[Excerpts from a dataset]
---
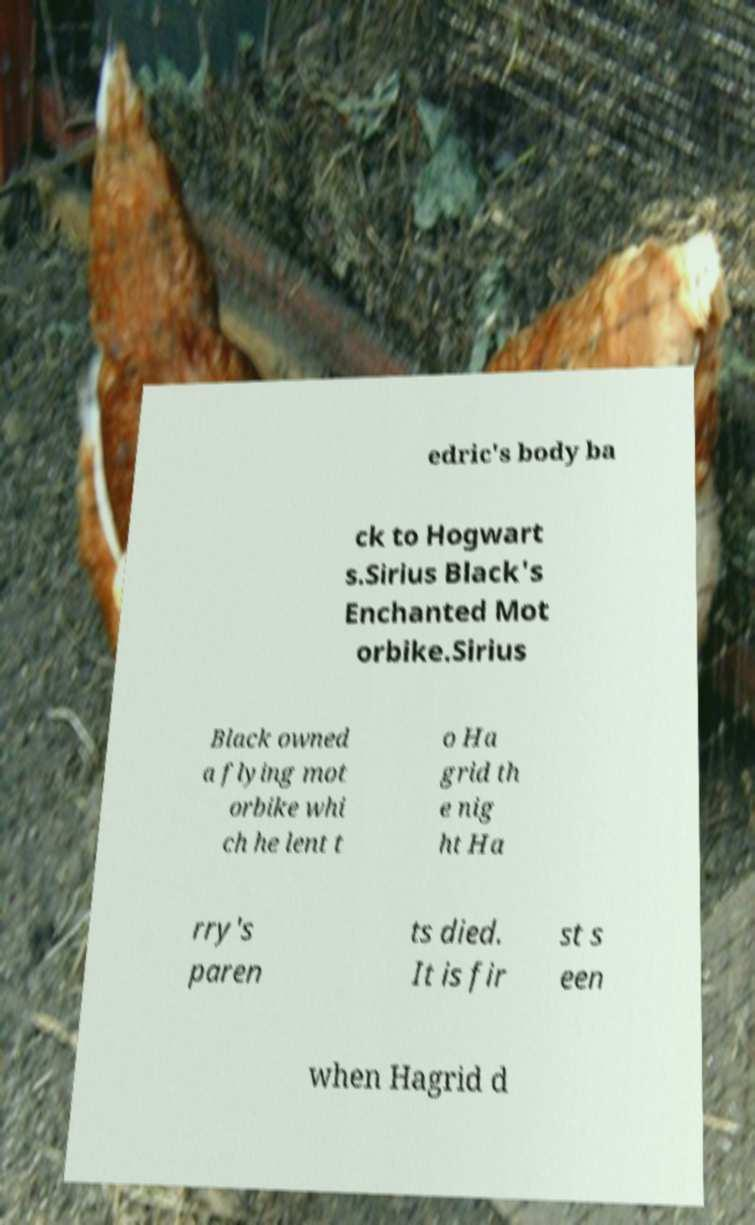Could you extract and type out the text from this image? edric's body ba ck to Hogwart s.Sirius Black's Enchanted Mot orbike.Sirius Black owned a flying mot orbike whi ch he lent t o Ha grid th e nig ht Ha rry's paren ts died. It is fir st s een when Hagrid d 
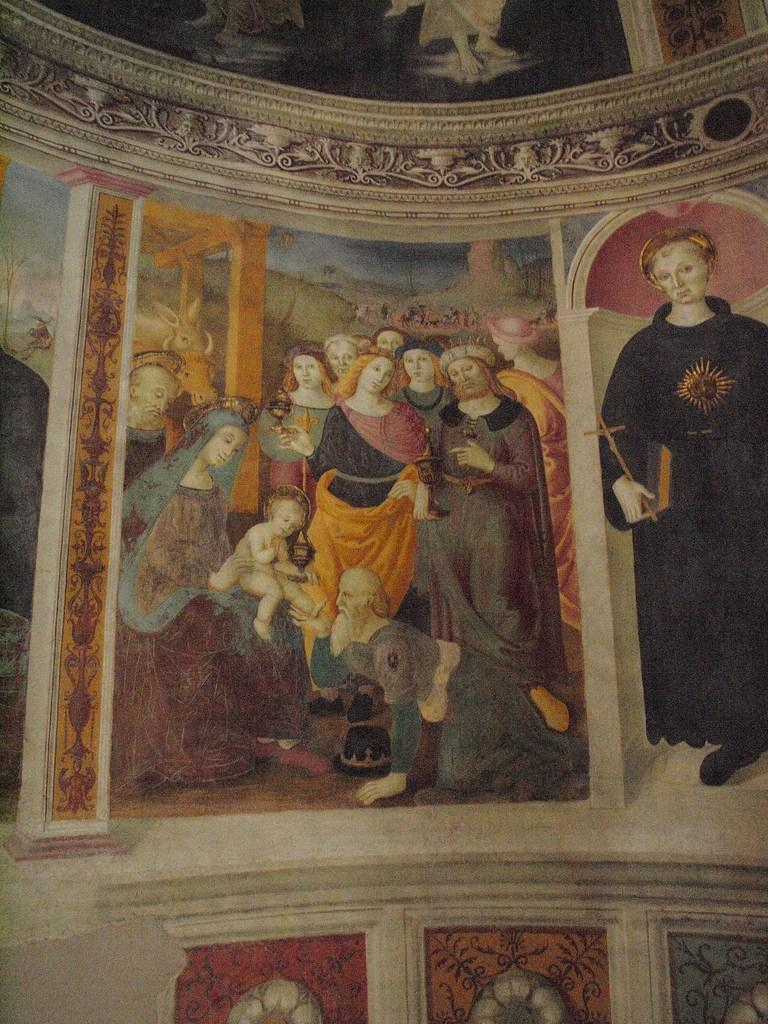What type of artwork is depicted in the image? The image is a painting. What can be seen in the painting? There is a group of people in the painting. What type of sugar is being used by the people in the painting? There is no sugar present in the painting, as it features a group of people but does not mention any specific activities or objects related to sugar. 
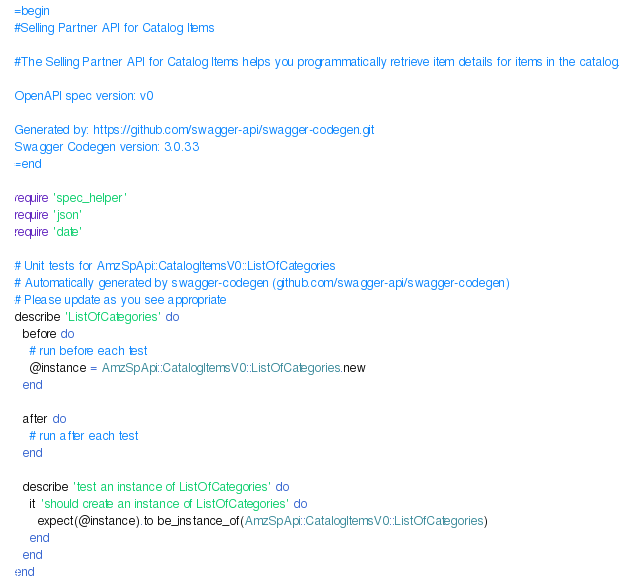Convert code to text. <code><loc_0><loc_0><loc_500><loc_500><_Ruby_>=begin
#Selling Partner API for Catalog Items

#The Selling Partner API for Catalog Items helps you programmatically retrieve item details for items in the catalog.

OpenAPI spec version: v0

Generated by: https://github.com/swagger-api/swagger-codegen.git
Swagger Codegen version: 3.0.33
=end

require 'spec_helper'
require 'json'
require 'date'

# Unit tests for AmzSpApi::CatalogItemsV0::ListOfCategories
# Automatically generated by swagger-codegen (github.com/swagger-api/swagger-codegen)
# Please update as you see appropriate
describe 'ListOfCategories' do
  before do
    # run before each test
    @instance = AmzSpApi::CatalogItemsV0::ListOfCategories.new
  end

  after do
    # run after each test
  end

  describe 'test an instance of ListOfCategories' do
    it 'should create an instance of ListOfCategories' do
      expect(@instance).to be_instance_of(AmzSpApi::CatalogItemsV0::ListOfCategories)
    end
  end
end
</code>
---
Only the lines from the one containing "What type of artwork" through the last line of the data above, both included, belong in the reply, each restated exactly and without pictures.

Task result =>
What type of artwork is depicted in the image? The image is a painting. What can be seen in the painting? There is a group of people in the painting. What type of sugar is being used by the people in the painting? There is no sugar present in the painting, as it features a group of people but does not mention any specific activities or objects related to sugar. 
Convert code to text. <code><loc_0><loc_0><loc_500><loc_500><_Ruby_>=begin
#Selling Partner API for Catalog Items

#The Selling Partner API for Catalog Items helps you programmatically retrieve item details for items in the catalog.

OpenAPI spec version: v0

Generated by: https://github.com/swagger-api/swagger-codegen.git
Swagger Codegen version: 3.0.33
=end

require 'spec_helper'
require 'json'
require 'date'

# Unit tests for AmzSpApi::CatalogItemsV0::ListOfCategories
# Automatically generated by swagger-codegen (github.com/swagger-api/swagger-codegen)
# Please update as you see appropriate
describe 'ListOfCategories' do
  before do
    # run before each test
    @instance = AmzSpApi::CatalogItemsV0::ListOfCategories.new
  end

  after do
    # run after each test
  end

  describe 'test an instance of ListOfCategories' do
    it 'should create an instance of ListOfCategories' do
      expect(@instance).to be_instance_of(AmzSpApi::CatalogItemsV0::ListOfCategories)
    end
  end
end
</code>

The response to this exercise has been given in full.